A novel 1,2,4-triazole derivative inhibits epithelial-mesenchymal transition in metastatic colorectal cancer via β-catenin suppression.

1,2,4-Triazole derivatives have emerged as a significant class of compounds with diverse biological activities, notably their anticancer properties. This therapeutic utility lies in their molecular flexibility and their capacity to interact with key enzymes implicated in oncogenesis. However, their role in inhibiting tumor cell metastasis is not fully investigated. Hence, we assessed the ability of a series of 5-heptadecyl-4H-1,2,4-triazole incorporated N-substituted indoles, which we previously developed, to suppress the migration of metastatic colorectal cancer. To achieve that, we analyzed the mechanism underlying the antitumor effect of compound 10d, which demonstrated the highest antitumor activity among the synthesized 1,2,4-triazole/indole hybrids. Furthermore, we investigated the potential of compound 10d to inhibit epithelial-mesenchymal transition (EMT) in colorectal cancer cells. Our findings showed that compound 10d exerts its antitumor action by inducing both apoptosis and cell cycle arrest at S-phase. Moreover, 10d inhibited the migration and invasion of colorectal cancer cells in vitro, in addition to EMT inhibition.

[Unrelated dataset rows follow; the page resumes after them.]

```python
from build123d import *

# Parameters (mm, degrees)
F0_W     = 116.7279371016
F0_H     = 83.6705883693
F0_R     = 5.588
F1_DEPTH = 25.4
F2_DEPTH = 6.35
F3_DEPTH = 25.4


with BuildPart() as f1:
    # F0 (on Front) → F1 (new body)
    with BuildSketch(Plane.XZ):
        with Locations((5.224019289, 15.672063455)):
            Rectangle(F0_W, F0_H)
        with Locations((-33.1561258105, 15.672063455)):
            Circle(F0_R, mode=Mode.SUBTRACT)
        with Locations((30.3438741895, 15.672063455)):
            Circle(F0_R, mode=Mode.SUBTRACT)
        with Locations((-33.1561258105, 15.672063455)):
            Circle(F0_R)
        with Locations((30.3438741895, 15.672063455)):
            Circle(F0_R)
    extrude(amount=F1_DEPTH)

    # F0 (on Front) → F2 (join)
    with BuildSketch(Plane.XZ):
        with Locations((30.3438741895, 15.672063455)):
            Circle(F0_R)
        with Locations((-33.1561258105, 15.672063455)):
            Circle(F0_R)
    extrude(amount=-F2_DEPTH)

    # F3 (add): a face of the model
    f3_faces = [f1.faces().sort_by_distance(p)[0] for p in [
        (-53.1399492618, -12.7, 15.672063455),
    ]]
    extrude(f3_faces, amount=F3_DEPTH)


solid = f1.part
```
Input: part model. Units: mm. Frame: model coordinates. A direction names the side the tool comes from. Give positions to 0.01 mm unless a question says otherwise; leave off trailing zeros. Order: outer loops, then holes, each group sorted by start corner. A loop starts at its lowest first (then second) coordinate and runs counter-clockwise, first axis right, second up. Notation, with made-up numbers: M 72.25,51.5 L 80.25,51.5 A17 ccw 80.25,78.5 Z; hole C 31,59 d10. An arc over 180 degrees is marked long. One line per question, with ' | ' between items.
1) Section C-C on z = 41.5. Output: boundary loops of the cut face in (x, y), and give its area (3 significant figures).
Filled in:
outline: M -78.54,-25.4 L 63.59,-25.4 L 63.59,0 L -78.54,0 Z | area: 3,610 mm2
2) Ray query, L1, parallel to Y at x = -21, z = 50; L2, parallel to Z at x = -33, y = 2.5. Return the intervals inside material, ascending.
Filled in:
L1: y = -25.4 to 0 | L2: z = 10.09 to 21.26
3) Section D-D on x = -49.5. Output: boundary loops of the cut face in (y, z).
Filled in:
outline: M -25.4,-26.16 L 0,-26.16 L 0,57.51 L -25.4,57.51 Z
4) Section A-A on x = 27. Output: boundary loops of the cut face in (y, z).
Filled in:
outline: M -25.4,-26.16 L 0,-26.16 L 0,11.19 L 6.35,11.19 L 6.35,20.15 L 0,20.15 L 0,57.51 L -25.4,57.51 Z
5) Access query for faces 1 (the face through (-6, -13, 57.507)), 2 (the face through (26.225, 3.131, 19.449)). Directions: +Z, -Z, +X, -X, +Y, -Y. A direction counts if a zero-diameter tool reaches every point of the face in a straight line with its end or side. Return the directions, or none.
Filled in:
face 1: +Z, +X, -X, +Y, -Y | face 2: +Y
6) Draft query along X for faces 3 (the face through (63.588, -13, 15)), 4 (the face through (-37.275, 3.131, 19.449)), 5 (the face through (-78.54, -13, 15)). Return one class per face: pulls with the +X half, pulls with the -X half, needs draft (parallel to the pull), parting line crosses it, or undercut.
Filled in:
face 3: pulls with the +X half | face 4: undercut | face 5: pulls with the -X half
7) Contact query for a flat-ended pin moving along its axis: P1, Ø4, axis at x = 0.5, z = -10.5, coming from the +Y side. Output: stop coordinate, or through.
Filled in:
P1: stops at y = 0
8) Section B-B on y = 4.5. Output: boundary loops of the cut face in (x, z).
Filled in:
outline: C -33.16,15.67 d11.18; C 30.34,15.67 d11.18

This inhibition was attributed to its capacity to suppress the transcription of β-catenin and vimentin, which are key markers of EMT. Additionally, 10d significantly inhibited β-catenin at the protein level. Collectively, our findings highlight the promising potential of 10d as a novel therapeutic agent for reducing cell migration and invasion, thereby inhibiting colorectal cancer metastasis. Molecular docking study supported the results for compound 10d. Where 10d showed strong binding affinity to a human β-catenin complex (PDB ID: 2GL7) (-6.5 kcal/mol) via hydrogen bonds and hydrophobic interactions, along with specific drug-likeness properties, including favorable oral absorption, moderate solubility, and a safer toxicity profile, despite some metabolic limitations.